Asseri, who spent nine years in Islamabad and was the second-longest serving Saudi ambassador to the country, said: “We know that Saudi Arabia and Pakistan have always enjoyed an incomparable level of understanding and friendship based on religion, culture and values. There is a historical bond between the two countries. 

“I have no doubt that Crown Prince Mohammed bin Salman is taking a cohesive approach to strengthen the relationship and take it to another level.” 

Asseri said that while Saudi Arabia and Pakistan cooperated closely on security matters, bilateral trade between the countries remained limited to about $4 billion. 

“We need to ... encourage the private sectors to interact more. We can help Pakistan’s industry and we need to become more involved in the trade sector. There are advanced industries and firms in Pakistan, and they have raw materials — it’s a good environment for investors.”

Asseri said Saudi Arabia has deferred payments on oil worth billions of US dollars from time to time in order to ease pressure on the Pakistan economy. The Kingdom is also making billion-dollar direct investments in the country in line with the China-Pakistan economic corridor. 

“I am happy to see a major transformation underway in Saudi-Pakistani economic relationships with our leadership and government deciding to invest in the economic development of Pakistan,” he said. 

The former ambassador said frequent official visits between the two countries were important. 

“I came back recently from Pakistan, and the vibe of the media, government and people was so optimistic. Pakistanis were excited about the crown prince’s visit. People hope it will bring great opportunities for the economy as well as strengthening the political and social ties between the two countries,” he said.

Asseri said Saudi Arabia and Pakistan had faced many challenges together in recent decades.

In 2001, during Asseri’s first year as Saudi ambassador in Pakistan, the 9/11 attacks on New York led to greater cooperation between Islamabad and Riyadh in dealing with terrorism.

The Kingdom had been closely involved with Pakistan since its independence, he said. “King Abdul Aziz sent King Saud and Prince Faisal to Pakistan at that time. So if we go back through history, we can see that this relationship is truly unique.” 

Asseri also highlighted the ties between the two countries on humanitarian issues, security and military issues, saying: “Pakistan has suffered serious security and humanitarian consequences of the decades-long war in Afghanistan, besides housing millions of Afghan refugees.

“Together Saudi Arabia and Pakistan have worked for peace in Afghanistan and will do whatever it takes to achieve this long-desired goal.”

Asseri said Pakistanis were quick to show their appreciation for Saudi Arabia’s assistance in the past regardless of the change in Pakistani leadership over the years. 

“The relationship is unique because it is between people. Such a relationship (will) keep growing with every generation.

“When Pakistan was in a difficult position in 2005 after a devastating earthquake, Saudi Arabia went out of its way to provide the support it needed. Prince Ahmed bin Abdul Aziz and eight ministers visited Balochistan. Field hospitals were created with Saudi doctors treating people and performing surgery there.” 

Pakistan also has a deep loyalty to Saudi Arabia, Asseri said. “Pakistan has military expertise, and through cooperation between the two countries, it helped the Saudi military during its development.” 
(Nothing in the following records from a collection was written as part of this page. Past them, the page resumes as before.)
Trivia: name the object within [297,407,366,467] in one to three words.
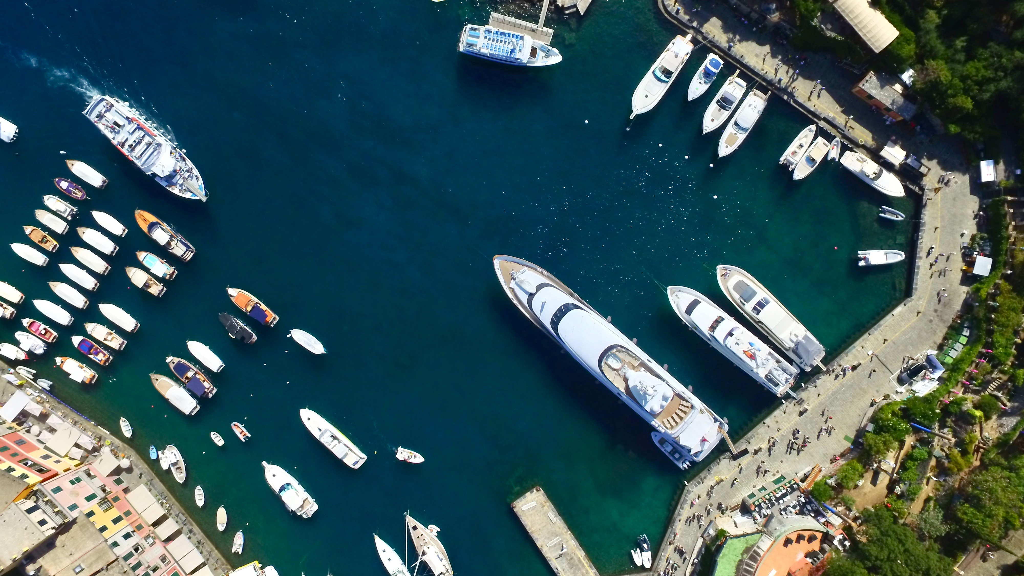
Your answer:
boat
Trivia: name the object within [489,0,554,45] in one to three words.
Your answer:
pier
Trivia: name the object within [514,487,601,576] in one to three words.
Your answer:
pier
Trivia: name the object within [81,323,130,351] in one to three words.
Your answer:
boat
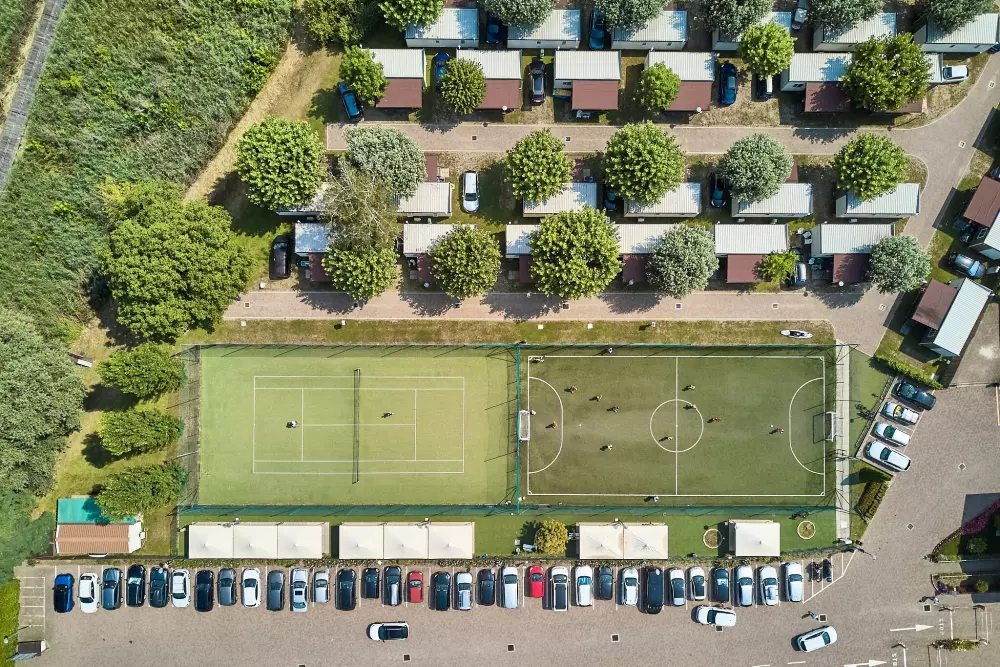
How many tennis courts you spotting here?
1
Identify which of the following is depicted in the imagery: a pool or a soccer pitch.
soccer pitch
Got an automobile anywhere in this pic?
Yes
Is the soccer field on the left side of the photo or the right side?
right
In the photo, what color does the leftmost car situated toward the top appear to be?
black
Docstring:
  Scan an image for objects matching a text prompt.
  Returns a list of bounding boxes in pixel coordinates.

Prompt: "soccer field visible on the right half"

[518,345,836,506]
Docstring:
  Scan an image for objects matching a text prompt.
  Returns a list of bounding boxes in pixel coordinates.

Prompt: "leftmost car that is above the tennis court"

[270,235,292,278]
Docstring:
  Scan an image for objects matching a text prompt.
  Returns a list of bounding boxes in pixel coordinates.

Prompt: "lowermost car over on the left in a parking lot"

[369,621,408,643]
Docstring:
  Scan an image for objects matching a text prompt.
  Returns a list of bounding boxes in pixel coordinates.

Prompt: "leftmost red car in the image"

[407,570,425,603]
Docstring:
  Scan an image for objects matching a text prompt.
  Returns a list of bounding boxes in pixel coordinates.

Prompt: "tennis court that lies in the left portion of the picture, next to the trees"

[199,345,518,506]
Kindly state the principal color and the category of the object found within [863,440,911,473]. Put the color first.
white car
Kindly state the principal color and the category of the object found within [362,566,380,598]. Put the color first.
black car
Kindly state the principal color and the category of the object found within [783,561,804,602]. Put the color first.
white car
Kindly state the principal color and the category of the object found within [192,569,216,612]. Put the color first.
black car
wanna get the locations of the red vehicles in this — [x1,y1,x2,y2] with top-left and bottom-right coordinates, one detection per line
[407,570,425,603]
[528,564,546,598]

“The Kingdom’s recent appointment of a Saudi commercial attache in Pakistan will also bolster the economic links between the two countries,” he said. 
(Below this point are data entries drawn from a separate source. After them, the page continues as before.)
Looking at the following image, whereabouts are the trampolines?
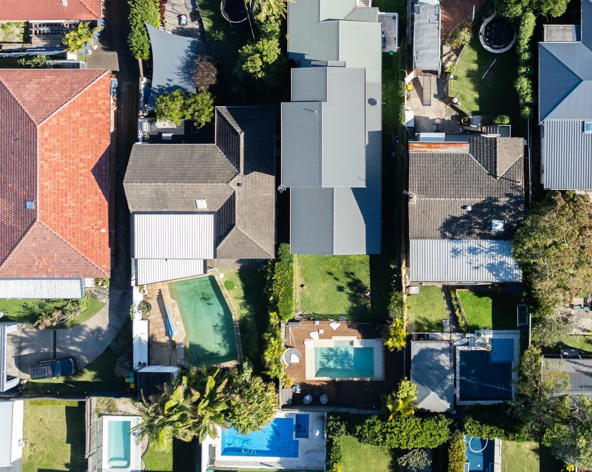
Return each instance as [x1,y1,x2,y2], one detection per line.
[479,17,516,54]
[216,0,256,26]
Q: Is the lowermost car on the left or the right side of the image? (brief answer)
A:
left
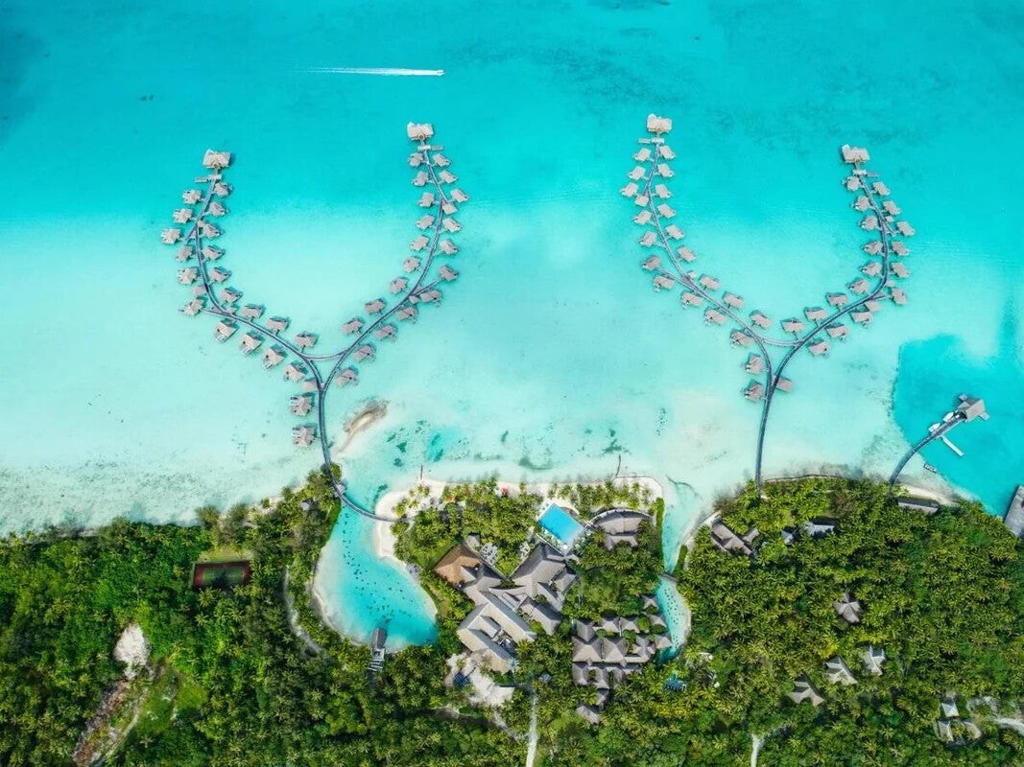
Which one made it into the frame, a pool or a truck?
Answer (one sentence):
The image shows a pool.
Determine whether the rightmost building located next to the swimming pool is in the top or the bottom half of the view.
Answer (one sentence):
It is in the bottom half that the rightmost building located next to the swimming pool appears.
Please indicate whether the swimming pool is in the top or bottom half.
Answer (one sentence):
The bottom half of the photo is where the swimming pool is.
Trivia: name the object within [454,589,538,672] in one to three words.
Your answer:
building
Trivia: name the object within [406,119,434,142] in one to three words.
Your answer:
house
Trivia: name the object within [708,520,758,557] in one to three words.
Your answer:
house
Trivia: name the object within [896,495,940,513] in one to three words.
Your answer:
shed
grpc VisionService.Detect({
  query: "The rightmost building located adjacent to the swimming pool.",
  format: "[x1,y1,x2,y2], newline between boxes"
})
[586,509,655,550]
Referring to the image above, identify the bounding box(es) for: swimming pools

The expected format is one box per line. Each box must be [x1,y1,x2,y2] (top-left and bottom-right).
[534,499,591,553]

“There are good minds in Pakistan and good products that could be manufactured in Saudi Arabia.”

Asseri said he is also optimistic that Saudi plans to build a major oil refinery in Gwadar will help create an “economic hub.” 
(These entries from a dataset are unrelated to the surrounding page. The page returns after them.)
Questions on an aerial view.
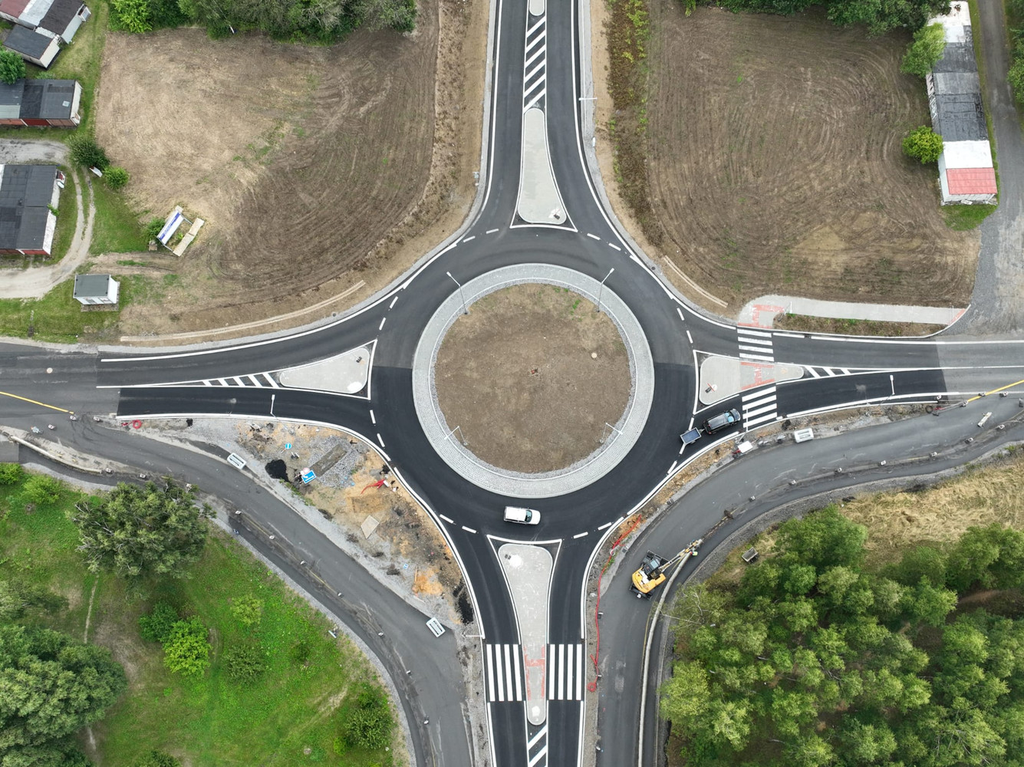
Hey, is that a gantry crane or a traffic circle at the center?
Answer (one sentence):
What appears at the center is a traffic circle.
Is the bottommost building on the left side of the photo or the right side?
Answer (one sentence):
It is on the left.
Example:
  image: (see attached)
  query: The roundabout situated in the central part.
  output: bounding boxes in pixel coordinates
[371,231,696,546]
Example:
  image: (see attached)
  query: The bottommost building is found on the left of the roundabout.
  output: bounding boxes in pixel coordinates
[74,275,117,304]
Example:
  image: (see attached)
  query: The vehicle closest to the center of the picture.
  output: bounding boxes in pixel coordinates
[504,509,540,527]
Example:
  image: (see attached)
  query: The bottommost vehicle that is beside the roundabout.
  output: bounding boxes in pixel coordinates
[629,536,704,602]
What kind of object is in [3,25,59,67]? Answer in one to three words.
building
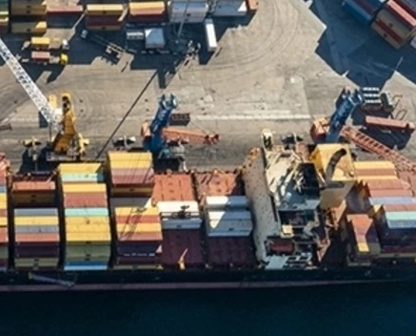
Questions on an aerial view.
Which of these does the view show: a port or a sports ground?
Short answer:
port
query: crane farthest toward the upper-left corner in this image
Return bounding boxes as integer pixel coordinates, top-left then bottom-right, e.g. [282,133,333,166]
[0,28,89,170]
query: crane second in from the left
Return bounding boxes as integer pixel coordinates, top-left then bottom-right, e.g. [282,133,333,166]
[125,90,226,168]
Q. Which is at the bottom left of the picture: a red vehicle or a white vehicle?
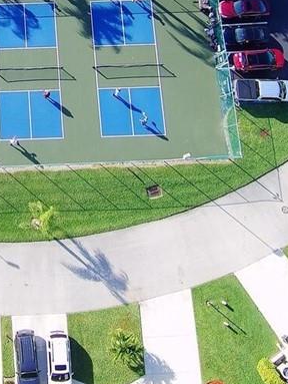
white vehicle
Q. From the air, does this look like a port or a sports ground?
sports ground
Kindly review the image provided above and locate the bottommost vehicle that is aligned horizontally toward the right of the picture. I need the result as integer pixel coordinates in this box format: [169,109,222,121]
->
[232,78,288,103]
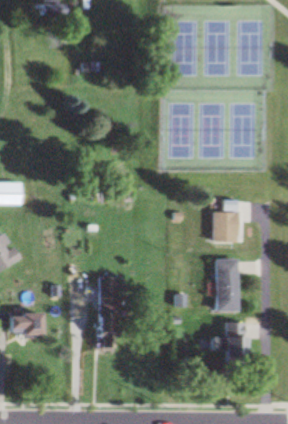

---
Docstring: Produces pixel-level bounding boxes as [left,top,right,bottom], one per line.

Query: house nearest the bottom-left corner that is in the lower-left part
[10,311,48,335]
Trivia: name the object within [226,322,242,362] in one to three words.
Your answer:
house
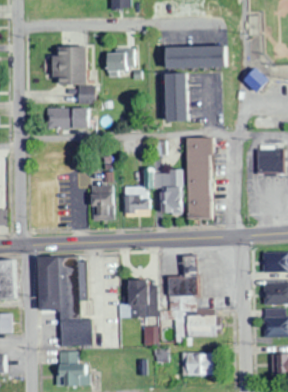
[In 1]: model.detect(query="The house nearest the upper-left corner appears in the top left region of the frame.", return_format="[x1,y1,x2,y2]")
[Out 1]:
[45,46,86,85]

The former envoy said the Saudi crown prince’s visit to Pakistan will add to the relationship between the countries. 

Pakistan’s relatively young population is also hoping for a stronger relationship with the Kingdom. 

“Young Pakistanis who are advanced in the IT and industrial sectors are looking forward to helping and cooperating with Saudi Arabia, and sharing their experiences and knowledge,” he said.